«La sublimazione è un apice dove la realtà appare come un lampo: il dionisiaco che si manifesta», osservava Giuseppe Pettinau (Sardara, 1943 – Cagliari, 2023), e a scrutare le sue opere, in mostra fino all’8 dicembre presso Il Ghetto di Cagliari, si ha l’impressione di avere sempre posseduto, recondito e inespresso, un concetto dalla sintassi a tratti spaventosa se inscritta nel placido binario dei nostri esercizi morali. Curata da Roberta Vanali, La forma sublimata – derivante dall’intesa tra l’Ass. Cult. Gesto Segno Disegno, la Coop. Agorà Sardegna e CoopCulture, con il contributo del Comune di Cagliari e della Fondazione di Sardegna – espone sedici opere ad olio che ripercorrono le fasi cruciali del percorso conoscitivo e artistico vissuto, dalla fine degli anni Ottanta ai primi Duemila, dal co-fondatore, assieme a Primo Pantoli e Gaetano Brundu, di quel “Gruppo di Iniziativa” (1961) e direi di rottura che esporrà anche a Roma e Firenze con la curatela di Corrado Maltese.
Ad un’unica sala è così demandato di raccontare Giuseppe Pettinau, instancabile intellettuale che questa vita volle improvvisamente congedare nel gennaio del 2023, non prima di essersi presa il meglio della sua personale fucina spirituale. Qui, gli spessi muri del Ghetto non mitigano lo schematico furore di figure antropomorfe e zoomorfe, che tra dense campiture cromatiche e irriverenti accostamenti plastici si descrivono quasi sussurrando a chi le osserva ricercandovi una fisionomia familiare, un oggetto d’infanzia, magari un personaggio della tradizione popolare o solo un inquietante artificio; sollecitando, quindi, a pensare sé stessi laddove le cornici nulla possono.
Una linearità evocativa, dalla criptica sintassi, contiene le interpretazioni del reale e dell’irreale di Pettinau, che restituiscono l’esito – a posteriori – del connubio fra la tensione critica della grande Scuola sociologica di Francoforte ed il pensiero esistenzialista di Sartre, fondamenti filosofico-speculativi di quello stesso Gruppo 91 (1991) del quale l’artista nato a Sardara, nel Campidano centrale, fu tra i massimi teorici assieme a Attilio Della Maria, Italo Medda, Italo Utzeri e Beppe Vargiu; ad essere precisi, retroterra in cui egli poté meglio acclimatarsi per intendere il fatto artistico al di là dei recinti accademici e di un folclorismo di commiato, che parla di una terra impagliata e più che moribonda: ma è ai vivi che Pettinau si rivolge.

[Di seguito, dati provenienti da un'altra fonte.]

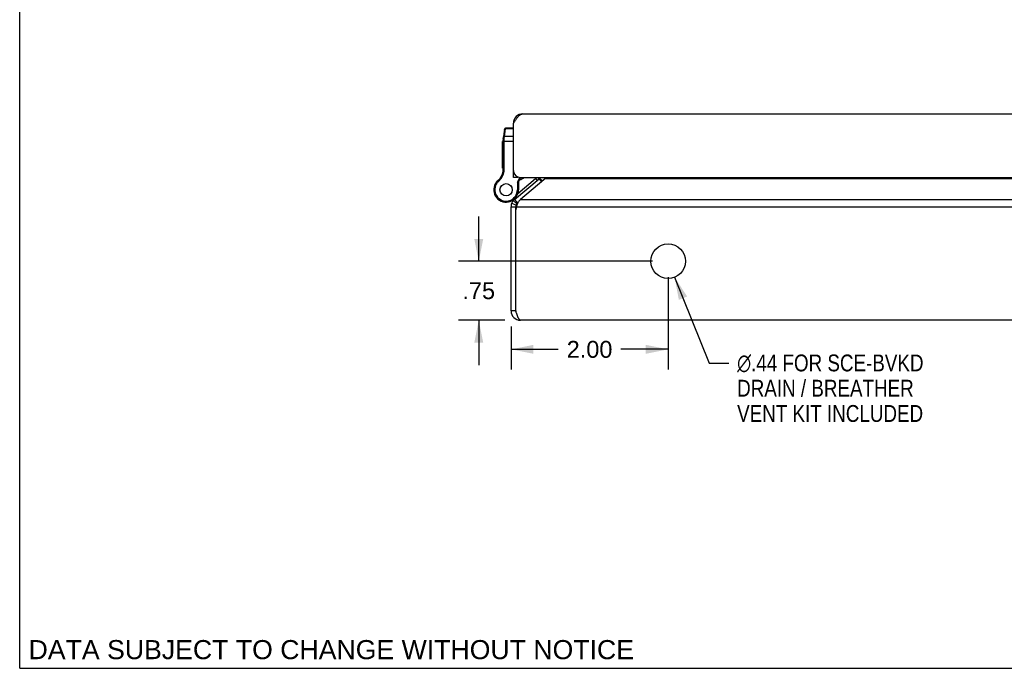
# Model space of a CAD drawing. Header units: inches. Extents: x 0 to 48.6, y 0 to 31.4.
# Tile 1 of 10: x 0 to 12.5, y 0 to 8.3. Entities that reach past the tile are written whole.
import ezdxf

# ---------------------------------------------------------------- set-up
doc = ezdxf.new("R2010")
doc.units = ezdxf.units.IN
doc.header["$LTSCALE"] = 2.671429
doc.header["$MEASUREMENT"] = 0
doc.layers.get('0').update_dxf_attribs({"linetype": 'CONTINUOUS'})
doc.layers.add('02___PRT_ALL_AXES', color=7, linetype='CONTINUOUS')
doc.layers.add('DIMENSIONS', color=7, linetype='CONTINUOUS')
doc.styles.get("Standard").update_dxf_attribs({"font": 'arial.ttf'})
doc.styles.add('TEXTSTYLE_1', font='gdt', dxfattribs={"width": 0.8})
doc.dimstyles.new('DIMSTYLE_1', dxfattribs={"dimtxt": 0.214286, "dimasz": 0.285714, "dimexe": 0.09, "dimexo": 0.07, "dimgap": 0.0375, "dimtad": 0, "dimtih": 1, "dimtoh": 1, "dimzin": 4, "dimdsep": 46, "dimtxsty": 'Standard', "dimblk": '_FILLED', "dimblk1": '_FILLED', "dimblk2": '_FILLED', "dimcen": 0.09, "dimazin": 1, "dimtfac": 1, "dimtofl": 0, "dimtmove": 0, "dimatfit": 3, "dimldrblk": '_FILLED', "dimfxl": 0, "dimtolj": 1, "dimtzin": 4, "dimarcsym": 0})
doc.dimstyles.new('DIMSTYLE_3', dxfattribs={"dimtxt": 0.214286, "dimasz": 0.285714, "dimexe": 0.09, "dimexo": 0.07, "dimgap": 0.09, "dimtad": 0, "dimtih": 1, "dimtoh": 1, "dimzin": 4, "dimdsep": 46, "dimtxsty": 'Standard', "dimblk": '_FILLED', "dimblk1": '_FILLED', "dimblk2": '_FILLED', "dimcen": 0.09, "dimazin": 1, "dimtfac": 1, "dimtofl": 0, "dimtmove": 0, "dimatfit": 1, "dimldrblk": '_FILLED', "dimfxl": 0, "dimtolj": 1, "dimtzin": 4, "dimarcsym": 0})

# ---------------------------------------------------------------- blocks, each defined once
blk = doc.blocks.new('_FILLED')
at = {"color": 0, "linetype": 'ByBlock'}
blk.add_solid([(0, 0), (-1, 0.2), (-1, -0.2)], dxfattribs=at)
blk = doc.blocks.new('*D22')
at = {"layer": 'DIMENSIONS', "color": 2, "linetype": 'Continuous'}
for p, q in [((8.339, 4.974), (8.778, 3.884)), ((8.778, 3.884), (9.028, 3.884))]:
    blk.add_line(p, q, dxfattribs=at)
at = {"layer": 'DIMENSIONS', "color": 2, "linetype": 'Continuous', "xscale": 0.2857142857, "yscale": 0.2857142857, "zscale": 0.2857142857, "rotation": 111.9665010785}
blk.add_blockref('_FILLED', (8.339, 4.974), dxfattribs=at)
at = {"layer": 'DIMENSIONS', "color": 2, "linetype": 'Continuous', "insert": (9.135, 3.992), "char_height": 0.21429, "width": 3.02523, "attachment_point": 1, "line_spacing_factor": 0.9, "style": 'TEXTSTYLE_1'}
blk.add_mtext('{\\fgdt;n}\\fArial;.44 FOR SCE-BVKD\\PDRAIN / BREATHER \\PVENT KIT INCLUDED', dxfattribs=at)
blk = doc.blocks.new('*D23')
at = {"layer": 'DIMENSIONS', "color": 2, "linetype": 'Continuous'}
for p, q in [((5.845, 5.178), (5.845, 5.75)), ((8.056, 5.178), (5.588, 5.178)), ((6.176, 4.428), (5.588, 4.428)), ((5.845, 4.428), (5.845, 3.857))]:
    blk.add_line(p, q, dxfattribs=at)
at = {"layer": 'DIMENSIONS', "color": 2, "linetype": 'Continuous', "xscale": 0.2857142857, "yscale": 0.2857142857, "zscale": 0.2857142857}
for p, rotation in [((5.845, 5.178), 270), ((5.845, 4.428), 90)]:
    blk.add_blockref('_FILLED', p, dxfattribs=dict(at, rotation=rotation))
at = {"layer": 'DIMENSIONS', "color": 2, "linetype": 'Continuous', "insert": (5.845, 4.911), "char_height": 0.2143, "width": 0.41583, "attachment_point": 2, "line_spacing_factor": 0.9}
blk.add_mtext('.75', dxfattribs=at)
blk = doc.blocks.new('*D24')
at = {"layer": 'DIMENSIONS', "color": 2, "linetype": 'Continuous'}
for p, q in [((8.256, 4.978), (8.256, 3.801)), ((6.256, 4.348), (6.256, 3.801)), ((6.256, 4.058), (6.858, 4.058)), ((8.256, 4.058), (7.655, 4.058))]:
    blk.add_line(p, q, dxfattribs=at)
at = {"layer": 'DIMENSIONS', "color": 2, "linetype": 'Continuous', "xscale": 0.2857142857, "yscale": 0.2857142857, "zscale": 0.2857142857, "rotation": 180}
blk.add_blockref('_FILLED', (6.256, 4.058), dxfattribs=at)
at = {"layer": 'DIMENSIONS', "color": 2, "linetype": 'Continuous', "xscale": 0.2857142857, "yscale": 0.2857142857, "zscale": 0.2857142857}
blk.add_blockref('_FILLED', (8.256, 4.058), dxfattribs=at)
at = {"layer": 'DIMENSIONS', "color": 2, "linetype": 'Continuous', "insert": (7.256, 4.165), "char_height": 0.2143, "width": 0.58232, "attachment_point": 2, "line_spacing_factor": 0.9}
blk.add_mtext('2.00', dxfattribs=at)

msp = doc.modelspace()

# ---------------------------------------------------------------- linework, layer by layer
at = {"color": 7, "linetype": 'Continuous'}
for p, q in [((0, 0), (0, 31.4286)), ((6.2868, 6.9494), (6.2951, 6.9483)), ((6.1742, 6.8608), (6.157, 6.7376)), ((6.1722, 6.7643), (6.1864, 6.8654)), ((6.1864, 6.8654), (6.1871, 6.872)), ((6.2858, 6.8654), (6.1864, 6.8654)), ((6.2858, 6.872), (6.1871, 6.872)), ((6.1558, 6.3438), (6.1558, 6.7203)), ((6.1558, 6.7084), (6.2858, 6.7084)), ((6.1649, 6.7233), (6.1653, 6.7233)), ((6.1653, 6.7233), (6.1658, 6.7233)), ((6.1658, 6.7233), (6.1662, 6.7234)), ((6.1662, 6.7234), (6.1666, 6.7234)), ((6.1673, 6.7234), (6.1677, 6.7234)), ((6.1677, 6.7234), (6.1681, 6.7234)), ((6.1688, 6.7279), (6.1689, 6.7292)), ((6.1688, 6.7266), (6.1688, 6.7279)), ((6.1688, 6.7254), (6.1688, 6.7266)), ((6.1688, 6.7241), (6.1688, 6.7254)), ((6.1688, 6.3438), (6.1688, 6.7241)), ((6.1689, 6.7304), (6.169, 6.7317)), ((6.1689, 6.7292), (6.1689, 6.7304)), ((6.169, 6.7329), (6.1691, 6.7341)), ((6.169, 6.7317), (6.169, 6.7329)), ((6.1691, 6.7341), (6.1692, 6.7354)), ((6.1692, 6.7354), (6.1693, 6.7366)), ((6.1693, 6.7366), (6.1694, 6.7378)), ((6.1694, 6.7378), (6.1695, 6.739)), ((6.1695, 6.739), (6.1696, 6.7401)), ((6.1696, 6.7401), (6.1697, 6.7413)), ((6.1697, 6.7413), (6.1698, 6.7424)), ((6.1698, 6.7424), (6.1722, 6.7643)), ((6.2858, 6.7643), (6.1722, 6.7643)), ((6.1543, 6.3245), (6.1671, 6.3225)), ((6.1558, 6.3438), (6.1688, 6.3438)), ((6.2858, 6.3041), (6.2908, 6.3041)), ((6.0574, 6.1679), (6.0574, 6.1679)), ((6.0574, 6.1679), (6.0687, 6.1613)), ((6.0574, 6.1679), (6.0687, 6.1614)), ((6.0687, 6.1613), (6.0687, 6.1614)), ((6.0873, 6.2039), (6.0958, 6.194)), ((6.3458, 6.2437), (6.2858, 6.2437)), ((6.338, 6.1867), (6.3678, 6.2441)), ((6.338, 6.1867), (6.338, 6.0885)), ((6.351, 6.1835), (6.338, 6.1867)), ((6.3436, 6.0408), (6.5694, 6.2303)), ((6.3458, 6.2488), (6.3458, 6.2437)), ((6.351, 6.1835), (6.3823, 6.2437)), ((6.351, 6.1835), (6.351, 6.0885)), ((6.5694, 6.2303), (6.5887, 6.2074)), ((6.6126, 6.2274), (6.6447, 6.1891)), ((6.6193, 6.234), (6.658, 6.2002)), ((6.351, 6.0885), (6.338, 6.0885)), ((6.2509, 5.9418), (6.2513, 5.942)), ((6.2644, 5.9157), (6.3203, 5.8941)), ((6.2844, 5.9497), (6.3304, 5.9111)), ((6.2992, 5.9644), (6.3378, 5.9185)), ((6.3178, 5.9918), (6.3236, 5.9849)), ((6.3378, 5.9185), (6.3447, 5.9243)), ((6.2563, 5.8725), (6.3163, 5.8725)), ((6.3163, 5.8326), (6.3163, 5.8725)), ((6.3163, 4.5485), (6.2563, 4.5485)), ((0, 0), (48.5714, 0))]:
    msp.add_line(p, q, dxfattribs=at)
at = {"color": 3, "linetype": 'Continuous'}
for p, q in [((6.4058, 7.0537), (22.1058, 7.0537)), ((6.2858, 6.2437), (6.2858, 6.9337)), ((6.2992, 5.9644), (6.6126, 6.2274)), ((6.3758, 6.2437), (22.1358, 6.2437)), ((6.6756, 6.215), (6.3772, 5.9644)), ((21.8268, 6.2274), (6.6858, 6.2274)), ((6.3772, 5.9644), (22.1354, 5.9644)), ((6.2563, 4.5485), (6.2563, 5.8725)), ((6.3163, 4.5488), (6.3163, 5.8326)), ((6.3256, 5.8725), (22.1871, 5.8725)), ((22.1363, 4.4285), (6.3763, 4.4285))]:
    msp.add_line(p, q, dxfattribs=at)
for points in [[(6.2858, 6.9337), (6.2901, 6.9404), (6.2944, 6.9471), (6.2986, 6.9538), (6.3029, 6.9604), (6.3072, 6.9669), (6.3115, 6.9733), (6.3158, 6.9796), (6.3201, 6.9858), (6.3244, 6.9918), (6.3286, 6.9975), (6.3329, 7.0031), (6.3372, 7.0085), (6.3415, 7.0136), (6.3458, 7.0185), (6.35, 7.0231), (6.3543, 7.0275), (6.3586, 7.0315), (6.3629, 7.0353), (6.3672, 7.0387), (6.3715, 7.0418), (6.3758, 7.0446), (6.3801, 7.047), (6.3843, 7.049), (6.3886, 7.0507), (6.3929, 7.052), (6.3972, 7.0529), (6.4015, 7.0535), (6.4058, 7.0537)], [(6.6756, 6.215), (6.6785, 6.218), (6.6811, 6.2211), (6.6836, 6.2242), (6.6858, 6.2274)], [(6.6858, 6.2274), (6.6876, 6.2294), (6.6892, 6.2316), (6.6906, 6.2339), (6.6918, 6.2362), (6.6929, 6.2386), (6.6938, 6.2412), (6.6946, 6.2437)], [(6.3415, 5.9179), (6.3387, 5.9117), (6.3361, 5.9054), (6.3336, 5.8989), (6.3314, 5.8924), (6.3293, 5.8858), (6.3273, 5.8792), (6.3256, 5.8725)], [(6.3773, 5.9644), (6.3722, 5.9603), (6.3675, 5.956), (6.3631, 5.9513), (6.3589, 5.9463), (6.3549, 5.941), (6.3512, 5.9356), (6.3478, 5.9299), (6.3445, 5.924), (6.3415, 5.9179)], [(6.3763, 4.4285), (6.374, 4.4287), (6.3717, 4.4293), (6.3694, 4.4304), (6.3671, 4.432), (6.3648, 4.4339), (6.3625, 4.4363), (6.3602, 4.439), (6.3579, 4.4422), (6.3556, 4.4458), (6.3533, 4.4497), (6.3509, 4.454), (6.3486, 4.4586), (6.3463, 4.4636), (6.344, 4.4689), (6.3417, 4.4745), (6.3394, 4.4803), (6.3371, 4.4864), (6.3348, 4.4927), (6.3325, 4.4992), (6.3302, 4.5059), (6.3279, 4.5128), (6.3256, 4.5197), (6.3232, 4.5268), (6.3209, 4.534), (6.3186, 4.5412), (6.3163, 4.5485)]]:
    msp.add_lwpolyline(points, dxfattribs=at)
at = {"color": 7, "linetype": 'Continuous'}
for points in [[(6.1735, 6.8556), (6.1735, 6.8558), (6.1735, 6.856), (6.1736, 6.8561), (6.1736, 6.8563), (6.1737, 6.8565), (6.1737, 6.8567), (6.1738, 6.8569), (6.1738, 6.8571), (6.1739, 6.8573), (6.1739, 6.8575), (6.174, 6.8577), (6.1741, 6.8578), (6.1741, 6.858), (6.1742, 6.8582), (6.1743, 6.8584), (6.1744, 6.8586), (6.1745, 6.8587), (6.1745, 6.8589), (6.1746, 6.8591), (6.1747, 6.8593), (6.1748, 6.8594), (6.1749, 6.8596), (6.175, 6.8598), (6.1751, 6.8599), (6.1753, 6.8601), (6.1754, 6.8603), (6.1755, 6.8604), (6.1756, 6.8606), (6.1757, 6.8607), (6.1759, 6.8609), (6.176, 6.8611), (6.1761, 6.8612), (6.1763, 6.8614), (6.1764, 6.8615), (6.1765, 6.8616), (6.1767, 6.8618), (6.1768, 6.8619), (6.177, 6.8621), (6.1771, 6.8622), (6.1773, 6.8623), (6.1774, 6.8625), (6.1776, 6.8626), (6.1778, 6.8627), (6.1779, 6.8628), (6.1781, 6.863), (6.1783, 6.8631), (6.1784, 6.8632), (6.1786, 6.8633), (6.1788, 6.8634), (6.179, 6.8635), (6.1792, 6.8636), (6.1793, 6.8637), (6.1795, 6.8638), (6.1797, 6.8639), (6.1799, 6.864), (6.1801, 6.8641), (6.1803, 6.8642), (6.1805, 6.8643), (6.1807, 6.8644), (6.1809, 6.8645), (6.1811, 6.8645), (6.1813, 6.8646), (6.1815, 6.8647), (6.1817, 6.8647), (6.1819, 6.8648), (6.1821, 6.8649), (6.1823, 6.8649), (6.1825, 6.865), (6.1827, 6.865), (6.1829, 6.8651), (6.1831, 6.8651), (6.1833, 6.8652), (6.1835, 6.8652), (6.1838, 6.8652), (6.184, 6.8653), (6.1842, 6.8653), (6.1844, 6.8653), (6.1846, 6.8653), (6.1848, 6.8654), (6.1851, 6.8654), (6.1853, 6.8654), (6.1855, 6.8654), (6.1857, 6.8654), (6.1859, 6.8654), (6.1861, 6.8654), (6.1864, 6.8654)], [(6.1558, 6.7203), (6.1558, 6.7203), (6.1558, 6.7204), (6.1558, 6.7205), (6.1558, 6.7205), (6.1558, 6.7206), (6.1558, 6.7206), (6.1559, 6.7207), (6.1559, 6.7207), (6.1559, 6.7208), (6.156, 6.7208), (6.156, 6.7209), (6.156, 6.7209), (6.1561, 6.721), (6.1561, 6.721), (6.1562, 6.7211), (6.1562, 6.7211), (6.1563, 6.7212), (6.1564, 6.7212), (6.1564, 6.7213), (6.1565, 6.7213), (6.1566, 6.7214), (6.1566, 6.7214), (6.1567, 6.7215), (6.1568, 6.7215), (6.1569, 6.7216), (6.157, 6.7216), (6.1571, 6.7217), (6.1572, 6.7217), (6.1573, 6.7218), (6.1574, 6.7218), (6.1575, 6.7218), (6.1576, 6.7219), (6.1577, 6.7219), (6.1578, 6.722), (6.1579, 6.722), (6.1581, 6.7221), (6.1582, 6.7221), (6.1583, 6.7222), (6.1584, 6.7222), (6.1586, 6.7222), (6.1587, 6.7223), (6.1589, 6.7223), (6.159, 6.7224), (6.1591, 6.7224), (6.1593, 6.7224), (6.1594, 6.7225), (6.1596, 6.7225), (6.1597, 6.7225), (6.1599, 6.7226), (6.1601, 6.7226), (6.1602, 6.7227), (6.1604, 6.7227), (6.1606, 6.7227), (6.1607, 6.7228), (6.1609, 6.7228), (6.1611, 6.7228), (6.1612, 6.7228), (6.1614, 6.7229), (6.1616, 6.7229), (6.1618, 6.7229), (6.162, 6.723), (6.1622, 6.723), (6.1623, 6.723), (6.1625, 6.723), (6.1627, 6.7231), (6.1629, 6.7231), (6.1631, 6.7231), (6.1633, 6.7231), (6.1635, 6.7232), (6.1637, 6.7232), (6.1639, 6.7232), (6.1641, 6.7232), (6.1643, 6.7232), (6.1645, 6.7233), (6.1647, 6.7233), (6.1649, 6.7233)], [(6.157, 6.7376), (6.157, 6.7377), (6.157, 6.7378), (6.1571, 6.738), (6.1571, 6.7381), (6.1571, 6.7382), (6.1571, 6.7383), (6.1572, 6.7384), (6.1572, 6.7385), (6.1573, 6.7386), (6.1573, 6.7388), (6.1574, 6.7389), (6.1574, 6.739), (6.1575, 6.7391), (6.1576, 6.7392), (6.1576, 6.7393), (6.1577, 6.7394), (6.1578, 6.7395), (6.1578, 6.7396), (6.1579, 6.7397), (6.158, 6.7398), (6.1581, 6.7399), (6.1582, 6.74), (6.1583, 6.7401), (6.1584, 6.7402), (6.1585, 6.7403), (6.1586, 6.7404), (6.1587, 6.7405), (6.1588, 6.7406), (6.1589, 6.7407), (6.159, 6.7408), (6.1591, 6.7409), (6.1593, 6.741), (6.1594, 6.741), (6.1595, 6.7411), (6.1596, 6.7412), (6.1598, 6.7413), (6.1599, 6.7414), (6.16, 6.7414), (6.1602, 6.7415), (6.1603, 6.7416), (6.1605, 6.7417), (6.1606, 6.7417), (6.1608, 6.7418), (6.1609, 6.7419), (6.1611, 6.7419), (6.1612, 6.742), (6.1614, 6.7421), (6.1616, 6.7421), (6.1617, 6.7422), (6.1619, 6.7423), (6.1621, 6.7423), (6.1622, 6.7424), (6.1624, 6.7424), (6.1626, 6.7425), (6.1628, 6.7425), (6.163, 6.7426), (6.1631, 6.7426), (6.1633, 6.7427), (6.1635, 6.7427), (6.1637, 6.7427), (6.1639, 6.7428), (6.1641, 6.7428), (6.1643, 6.7428), (6.1645, 6.7429), (6.1647, 6.7429), (6.1649, 6.7429), (6.165, 6.743), (6.1652, 6.743), (6.1654, 6.743), (6.1657, 6.743), (6.1659, 6.743), (6.1661, 6.7431), (6.1663, 6.7431), (6.1665, 6.7431), (6.1667, 6.7431), (6.1669, 6.7431), (6.1671, 6.7431), (6.1673, 6.7431), (6.1675, 6.7431), (6.1677, 6.7431), (6.1679, 6.7431), (6.1682, 6.7431), (6.1684, 6.7431), (6.1686, 6.7431), (6.1688, 6.7431), (6.169, 6.7431), (6.1692, 6.7431), (6.1694, 6.7431), (6.1696, 6.743), (6.1699, 6.743)], [(6.1593, 6.7544), (6.1594, 6.7546), (6.1594, 6.7548), (6.1594, 6.755), (6.1595, 6.7552), (6.1595, 6.7554), (6.1596, 6.7556), (6.1596, 6.7558), (6.1597, 6.756), (6.1597, 6.7562), (6.1598, 6.7563), (6.1599, 6.7565), (6.1599, 6.7567), (6.16, 6.7569), (6.1601, 6.7571), (6.1601, 6.7573), (6.1602, 6.7574), (6.1603, 6.7576), (6.1604, 6.7578), (6.1605, 6.758), (6.1606, 6.7581), (6.1607, 6.7583), (6.1608, 6.7585), (6.1609, 6.7586), (6.161, 6.7588), (6.1611, 6.759), (6.1612, 6.7591), (6.1613, 6.7593), (6.1615, 6.7595), (6.1616, 6.7596), (6.1617, 6.7598), (6.1619, 6.7599), (6.162, 6.7601), (6.1621, 6.7602), (6.1623, 6.7604), (6.1624, 6.7605), (6.1625, 6.7607), (6.1627, 6.7608), (6.1628, 6.7609), (6.163, 6.7611), (6.1631, 6.7612), (6.1633, 6.7613), (6.1635, 6.7615), (6.1636, 6.7616), (6.1638, 6.7617), (6.164, 6.7618), (6.1641, 6.762), (6.1643, 6.7621), (6.1645, 6.7622), (6.1647, 6.7623), (6.1648, 6.7624), (6.165, 6.7625), (6.1652, 6.7626), (6.1654, 6.7627), (6.1656, 6.7628), (6.1658, 6.7629), (6.1659, 6.763), (6.1661, 6.7631), (6.1663, 6.7632), (6.1665, 6.7632), (6.1667, 6.7633), (6.1669, 6.7634), (6.1671, 6.7635), (6.1673, 6.7635), (6.1675, 6.7636), (6.1677, 6.7637), (6.1679, 6.7637), (6.1681, 6.7638), (6.1683, 6.7638), (6.1686, 6.7639), (6.1688, 6.7639), (6.169, 6.764), (6.1692, 6.764), (6.1694, 6.7641), (6.1696, 6.7641), (6.1698, 6.7641), (6.17, 6.7642), (6.1703, 6.7642), (6.1705, 6.7642), (6.1707, 6.7642), (6.1709, 6.7642), (6.1711, 6.7643), (6.1713, 6.7643), (6.1716, 6.7643), (6.1718, 6.7643), (6.172, 6.7643), (6.1722, 6.7643)], [(6.1666, 6.7234), (6.167, 6.7234), (6.1673, 6.7234)], [(6.1681, 6.7234), (6.1686, 6.7234), (6.1688, 6.7234)]]:
    msp.add_lwpolyline(points, dxfattribs=at)
at = {"color": 3, "linetype": 'Continuous'}
for centre, radius, start, end in [((6.4058, 6.9337), 0.12, 90, 180), ((6.3758, 6.3337), 0.09, 180, 270), ((6.574, 6.2733), 0.06, 310, 330.37755), ((6.3763, 5.8725), 0.12, 130, 180), ((6.487, 5.8141), 0.1717, 160.12239, 173.81324), ((6.3763, 4.5485), 0.12, 180, 270), ((6.4749, 4.5488), 0.1586, 180, 180.13366)]:
    msp.add_arc(centre, radius, start, end, dxfattribs=at)
at = {"color": 7, "linetype": 'Continuous'}
for centre, radius, start, end in [((6.1871, 6.859), 0.013, 90, 172.02427), ((6.2808, 6.7203), 0.125, 172.03825, 180), ((5.9567, 6.3553), 0.2, 310.79327, 351.15991), ((5.9567, 6.3553), 0.213, 310.79327, 351.15991), ((6.0308, 6.3438), 0.125, 351.15991, 360), ((6.0308, 6.3438), 0.138, 351.15991, 360), ((6.1935, 6.0885), 0.1575, 149.73501, 360), ((6.1935, 6.0885), 0.1445, 149.73501, 360), ((6.1935, 6.0885), 0.1575, 127.31101, 149.72135), ((6.1802, 6.0963), 0.1421, 130.79327, 149.73501), ((6.1802, 6.0963), 0.1291, 130.79327, 149.73501), ((6.2939, 6.4107), 0.21, 290.29811, 307.31443), ((6.5084, 6.3031), 0.095, 310, 321.27437), ((6.5084, 6.3031), 0.125, 310, 331.61139), ((6.574, 6.2733), 0.12, 336.07181, 345.69403), ((6.1565, 6.1841), 0.26, 291.378, 310), ((6.3763, 5.8725), 0.06, 130, 180), ((6.3763, 4.5485), 0.06, 180, 215.7848)]:
    msp.add_arc(centre, radius, start, end, dxfattribs=at)
at = {"layer": '02___PRT_ALL_AXES', "color": 7, "linetype": 'Continuous'}
for p, q in [((6.1458, 6.3628), (6.1458, 6.7032)), ((6.1558, 6.7032), (6.1458, 6.7032)), ((6.1558, 6.703), (6.1458, 6.703)), ((6.1558, 6.6946), (6.1458, 6.6946)), ((6.1558, 6.644), (6.1458, 6.644)), ((6.1558, 6.6356), (6.1458, 6.6356)), ((6.1558, 6.6272), (6.1458, 6.6272)), ((6.1558, 6.5751), (6.1458, 6.5751)), ((6.1558, 6.5667), (6.1458, 6.5667)), ((6.1558, 6.5583), (6.1458, 6.5583)), ((6.1558, 6.5114), (6.1458, 6.5114)), ((6.1558, 6.503), (6.1458, 6.503)), ((6.1558, 6.4946), (6.1458, 6.4946)), ((6.1558, 6.4399), (6.1458, 6.4399)), ((6.1558, 6.4315), (6.1458, 6.4315)), ((6.1558, 6.4231), (6.1458, 6.4231)), ((6.1558, 6.3712), (6.1458, 6.3712)), ((6.1558, 6.3628), (6.1458, 6.3628))]:
    msp.add_line(p, q, dxfattribs=at)
for radius in [0.079, 0.078]:
    msp.add_circle((6.1935, 6.0885), radius, dxfattribs=at)
at = {"layer": '02___PRT_ALL_AXES', "color": 3, "linetype": 'Continuous'}
msp.add_circle((8.2563, 5.1785), 0.22, dxfattribs=at)

# ---------------------------------------------------------------- texts
at = {"layer": 'DIMENSIONS', "color": 2, "linetype": 'Continuous', "insert": (3.9674, 0.3589), "char_height": 0.242857, "width": 7.693787, "attachment_point": 2, "line_spacing_factor": 0.9}
msp.add_mtext('DATA SUBJECT TO CHANGE WITHOUT NOTICE', dxfattribs=at)

# ---------------------------------------------------------------- dimensions: what is measured, and where the dimension line sits
at = {"layer": 'DIMENSIONS', "color": 2, "linetype": 'Continuous'}
dim = msp.add_linear_dim(base=(5.8447, 5.1785), p1=(6.2463, 4.4285), p2=(8.1263, 5.1785), angle=90, dimstyle='DIMSTYLE_1', dxfattribs=at)
dim.commit()
dim.dimension.update_dxf_attribs({"geometry": '*D23', "text_midpoint": (5.8518, 4.8007), "dimtype": 160})
dim = msp.add_diameter_dim_2p(p1=(8.3386, 4.9744), p2=(8.174, 5.3825), text='%%c<> FOR SCE-BVKD\\PDRAIN / BREATHER \\PVENT KIT INCLUDED', dimstyle='DIMSTYLE_3', override={"dimpost": '<>'}, dxfattribs=at)
dim.commit()
dim.dimension.update_dxf_attribs({"geometry": '*D22', "text_midpoint": (10.648, 3.563), "dimtype": 163})
dim = msp.add_linear_dim(base=(8.2563, 4.0581), p1=(6.2563, 4.4185), p2=(8.2563, 5.0485), dimstyle='DIMSTYLE_1', dxfattribs=at)
dim.commit()
dim.dimension.update_dxf_attribs({"geometry": '*D24', "text_midpoint": (7.2537, 4.0569), "dimtype": 160})

doc.saveas('drawing.dxf')

Lo spazio per l’allestimento, pur non concedendo troppa (o alcuna) libertà alla fantasia della curatrice, ne evoca la competenza adempiendo perfettamente alla missione anche percepibile: riattraversare con garbo le tappe di un’esistenza artistica che, dal luminoso drammatismo degli anni Settanta, approda a lidi tempestosi, bagnati e cullati dal torbido mare dell’auto-coscienza in un valzer di visioni ed enigmi: come nota Vanali, «l’artista giunge al riconoscimento del sé mediante un circuito fatto di allegorie, metafore, immagini archetipiche, simboli spesso indecifrabili, codici occulti e figure antropomorfe che lo proiettano in un universo alchemico».
Le forme vitali fissate nella tela da Pettinau, scaturite da quei «gesti pittorici che rivelano i flussi della coscienza» (Vanali), trattengono a fatica un’espressività insopprimibile, costretta entro un’articolazione lineare che, pure nella sua esiguità, permette di situare le impressioni dell’artista nell’articolato dedalo di suggestioni e principi ch’egli apprende, assorbe e postula nell’arco di una vita e forse di molte altre. Fino a eruttare, d’un fiato, nel cuore di Cagliari.